Brief: An exact repetition of the records is required. Leave nothing out.

Dataset records:
· · · ·

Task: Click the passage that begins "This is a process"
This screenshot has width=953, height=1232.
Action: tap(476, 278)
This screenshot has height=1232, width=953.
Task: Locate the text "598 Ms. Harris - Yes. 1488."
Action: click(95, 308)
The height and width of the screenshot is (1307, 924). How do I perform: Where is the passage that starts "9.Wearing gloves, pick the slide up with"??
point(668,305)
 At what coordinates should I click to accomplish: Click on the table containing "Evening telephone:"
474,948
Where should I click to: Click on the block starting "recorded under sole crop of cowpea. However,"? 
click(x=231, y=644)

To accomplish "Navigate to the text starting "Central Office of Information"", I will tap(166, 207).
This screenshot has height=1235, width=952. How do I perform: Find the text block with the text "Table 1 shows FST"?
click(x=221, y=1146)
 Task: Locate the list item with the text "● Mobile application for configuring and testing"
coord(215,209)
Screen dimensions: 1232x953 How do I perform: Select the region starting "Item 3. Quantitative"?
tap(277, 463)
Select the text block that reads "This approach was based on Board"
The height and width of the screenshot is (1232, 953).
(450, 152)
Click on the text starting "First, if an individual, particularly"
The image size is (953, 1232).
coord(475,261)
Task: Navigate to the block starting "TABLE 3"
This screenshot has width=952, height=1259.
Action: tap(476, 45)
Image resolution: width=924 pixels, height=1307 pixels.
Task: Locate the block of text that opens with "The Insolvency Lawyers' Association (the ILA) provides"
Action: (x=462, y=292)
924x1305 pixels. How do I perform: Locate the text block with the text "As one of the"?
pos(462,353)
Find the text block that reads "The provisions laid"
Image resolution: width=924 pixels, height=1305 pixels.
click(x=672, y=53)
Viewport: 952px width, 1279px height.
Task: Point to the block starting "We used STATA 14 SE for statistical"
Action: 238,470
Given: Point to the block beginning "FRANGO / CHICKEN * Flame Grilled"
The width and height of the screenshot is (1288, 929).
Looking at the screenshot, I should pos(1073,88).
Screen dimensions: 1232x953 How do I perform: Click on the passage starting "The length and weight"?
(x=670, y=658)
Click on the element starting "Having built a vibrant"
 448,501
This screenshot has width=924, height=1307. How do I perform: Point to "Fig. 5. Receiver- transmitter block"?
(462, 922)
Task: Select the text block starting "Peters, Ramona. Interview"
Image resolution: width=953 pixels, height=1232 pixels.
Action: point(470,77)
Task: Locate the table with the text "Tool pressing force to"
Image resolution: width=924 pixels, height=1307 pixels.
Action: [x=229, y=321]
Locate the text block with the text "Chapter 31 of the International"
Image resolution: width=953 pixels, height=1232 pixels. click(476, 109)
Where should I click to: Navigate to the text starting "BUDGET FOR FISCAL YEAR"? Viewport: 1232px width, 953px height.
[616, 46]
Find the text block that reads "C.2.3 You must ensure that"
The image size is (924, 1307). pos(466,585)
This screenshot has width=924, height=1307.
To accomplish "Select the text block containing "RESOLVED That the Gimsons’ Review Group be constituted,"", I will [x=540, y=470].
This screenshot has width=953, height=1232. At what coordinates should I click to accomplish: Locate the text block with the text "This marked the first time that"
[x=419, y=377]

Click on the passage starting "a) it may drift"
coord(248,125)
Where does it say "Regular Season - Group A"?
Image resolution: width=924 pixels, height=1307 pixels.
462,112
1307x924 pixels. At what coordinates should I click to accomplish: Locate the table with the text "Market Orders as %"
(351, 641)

· · · ·

Answer area:
Task: Click the passage that begins "This is a process"
This screenshot has width=953, height=1232.
Action: tap(476, 278)
This screenshot has height=1232, width=953.
Task: Locate the text "598 Ms. Harris - Yes. 1488."
Action: click(95, 308)
The height and width of the screenshot is (1307, 924). How do I perform: Where is the passage that starts "9.Wearing gloves, pick the slide up with"??
point(668,305)
 At what coordinates should I click to accomplish: Click on the table containing "Evening telephone:"
474,948
Where should I click to: Click on the block starting "recorded under sole crop of cowpea. However,"? 
click(x=231, y=644)

To accomplish "Navigate to the text starting "Central Office of Information"", I will tap(166, 207).
This screenshot has height=1235, width=952. How do I perform: Find the text block with the text "Table 1 shows FST"?
click(x=221, y=1146)
 Task: Locate the list item with the text "● Mobile application for configuring and testing"
coord(215,209)
Screen dimensions: 1232x953 How do I perform: Select the region starting "Item 3. Quantitative"?
tap(277, 463)
Select the text block that reads "This approach was based on Board"
The height and width of the screenshot is (1232, 953).
(450, 152)
Click on the text starting "First, if an individual, particularly"
The image size is (953, 1232).
coord(475,261)
Task: Navigate to the block starting "TABLE 3"
This screenshot has width=952, height=1259.
Action: tap(476, 45)
Image resolution: width=924 pixels, height=1307 pixels.
Task: Locate the block of text that opens with "The Insolvency Lawyers' Association (the ILA) provides"
Action: (x=462, y=292)
924x1305 pixels. How do I perform: Locate the text block with the text "As one of the"?
pos(462,353)
Find the text block that reads "The provisions laid"
Image resolution: width=924 pixels, height=1305 pixels.
click(x=672, y=53)
Viewport: 952px width, 1279px height.
Task: Point to the block starting "We used STATA 14 SE for statistical"
Action: 238,470
Given: Point to the block beginning "FRANGO / CHICKEN * Flame Grilled"
The width and height of the screenshot is (1288, 929).
Looking at the screenshot, I should pos(1073,88).
Screen dimensions: 1232x953 How do I perform: Click on the passage starting "The length and weight"?
(x=670, y=658)
Click on the element starting "Having built a vibrant"
 448,501
This screenshot has width=924, height=1307. How do I perform: Point to "Fig. 5. Receiver- transmitter block"?
(462, 922)
Task: Select the text block starting "Peters, Ramona. Interview"
Image resolution: width=953 pixels, height=1232 pixels.
Action: point(470,77)
Task: Locate the table with the text "Tool pressing force to"
Image resolution: width=924 pixels, height=1307 pixels.
Action: [x=229, y=321]
Locate the text block with the text "Chapter 31 of the International"
Image resolution: width=953 pixels, height=1232 pixels. click(476, 109)
Where should I click to: Navigate to the text starting "BUDGET FOR FISCAL YEAR"? Viewport: 1232px width, 953px height.
[616, 46]
Find the text block that reads "C.2.3 You must ensure that"
The image size is (924, 1307). pos(466,585)
This screenshot has width=924, height=1307.
To accomplish "Select the text block containing "RESOLVED That the Gimsons’ Review Group be constituted,"", I will [x=540, y=470].
This screenshot has width=953, height=1232. At what coordinates should I click to accomplish: Locate the text block with the text "This marked the first time that"
[x=419, y=377]

Click on the passage starting "a) it may drift"
coord(248,125)
Where does it say "Regular Season - Group A"?
Image resolution: width=924 pixels, height=1307 pixels.
462,112
1307x924 pixels. At what coordinates should I click to accomplish: Locate the table with the text "Market Orders as %"
(351, 641)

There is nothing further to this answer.